Now, if we’d had the blog up and running at this point in their journey, I would have written a whopper about what happened to our calves when they were separated from their moms.  Long story short, a few wiley calves decided to take it upon themselves to find their way back to Mom who was a good five or six miles to the west.  Upon discovering the missing bovines, the story involved a horse-trough turned escape route, Justin roping calves along the highway, Randy Sue loping through meadows, Ken driving the trailer back and forth at least five times, a neighbors corral, and about 10 hours of chaos.  In the end, we had all our calves back at the ranch, and we also had a super-secure calf pen.

Once they are weaned, the calves are ready to go.  Randy Sue, along with a few other local ranchers, sells her calves to a buyer in Texas.  The ranchers convene in Kremmling before the calves are loaded and shipped to Texas. Here’s a step-by-step account of the departure day.  

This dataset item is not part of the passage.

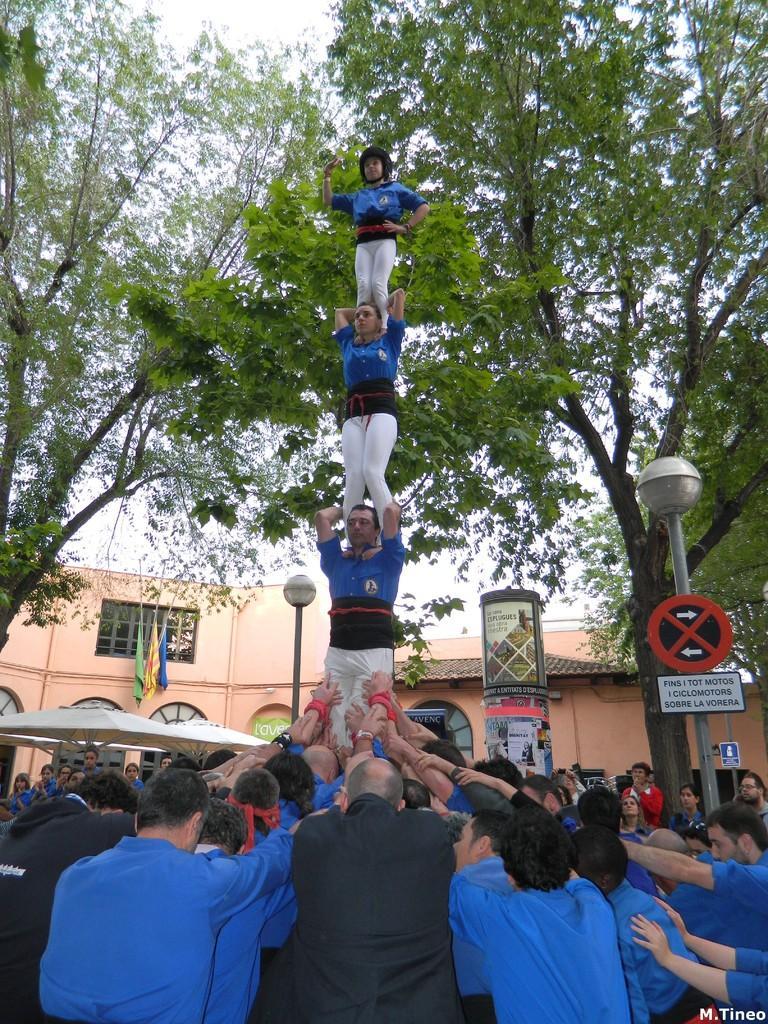In one or two sentences, can you explain what this image depicts? In this image there are persons, there are boards with some text written on it, there is a tent, there are poles, flags, trees and there is a building and at the bottom right of the image there is some text which is visible. 
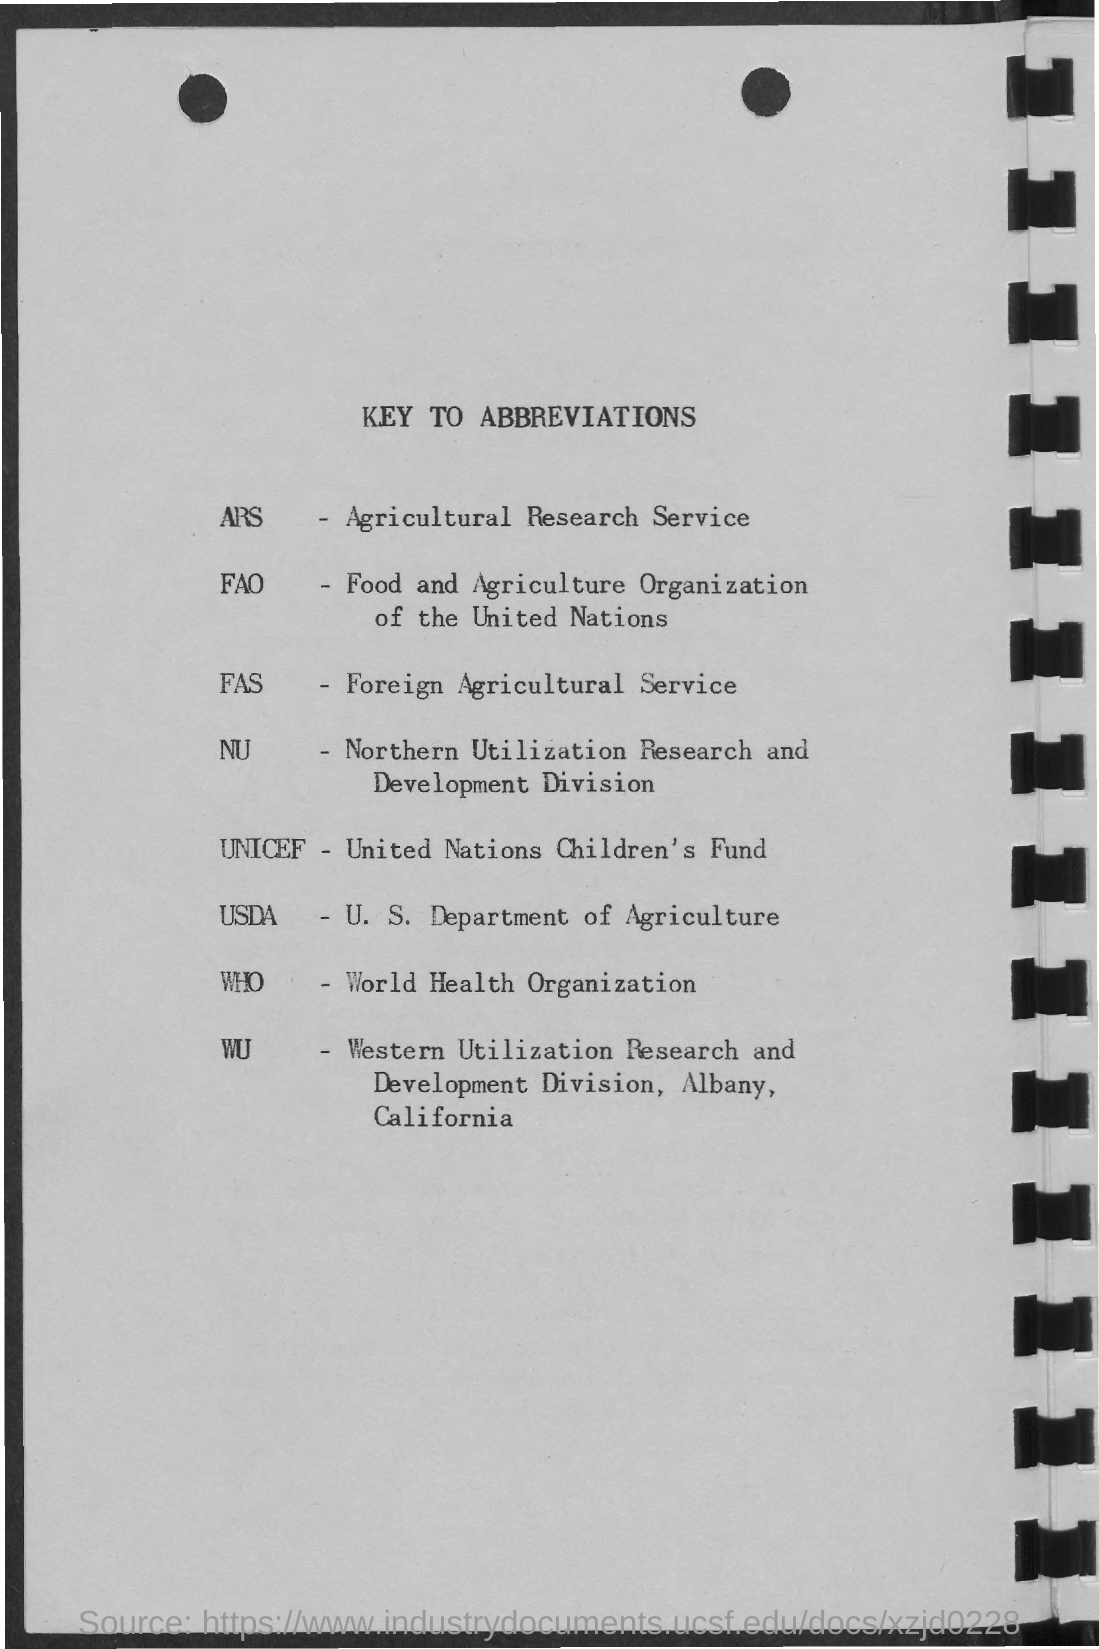Highlight a few significant elements in this photo. The full form of ARS is the Agricultural Research Service. The acronym "FAS" stands for "Foreign Agricultural Service. The abbreviation for the U.S. Department of Agriculture is USDA. The World Health Organization, commonly abbreviated as WHO, is a specialized agency of the United Nations that is responsible for improving global health. UNICEF, which stands for United Nations Children's Fund, is an organization dedicated to promoting and protecting the rights of children globally.

Step 1: The steers and heifers are separated at the ranch before being loaded calves in the trailer to take to neighbor’s ranch near Kremmling.

 Step 2:  The group of steers is weighed, then the group of heifers is weighed. The scale looks like any other pen you’d see.   While calves are in the pen, the weight is registered in an adjacent building.  We weigh calves both to determine shipping load and to determine the average weight per calf.  Here, Justin and Randy Sue await the final reading for the steers.   Randy Sue’s average steer weighed 587 pounds; heifers average weight was around 540 pounds.

 Step 3:  The groups of calves brought by different ranchers are kept in separate pens.  Two important checks need to take place before the calves can be loaded in the trailer.  The vet must complete a health inspection to ensure no sick calves are being shipped.  Also, the brand inspector checks brands to ensure the calves being sold belong to ranchers. 

 Step 4:  The calves are loaded into the trailer.  Cow trailers are pretty nifty deals.  There are ramps that go up and down, and gates to divide groups of cows.  Justin ensured that our calves got a nice pen on the upper level for their trip. 

 Step 5: They’re off! They will spend the winter on a wheat field in Texas before heading to a feed lot. So long little buddies!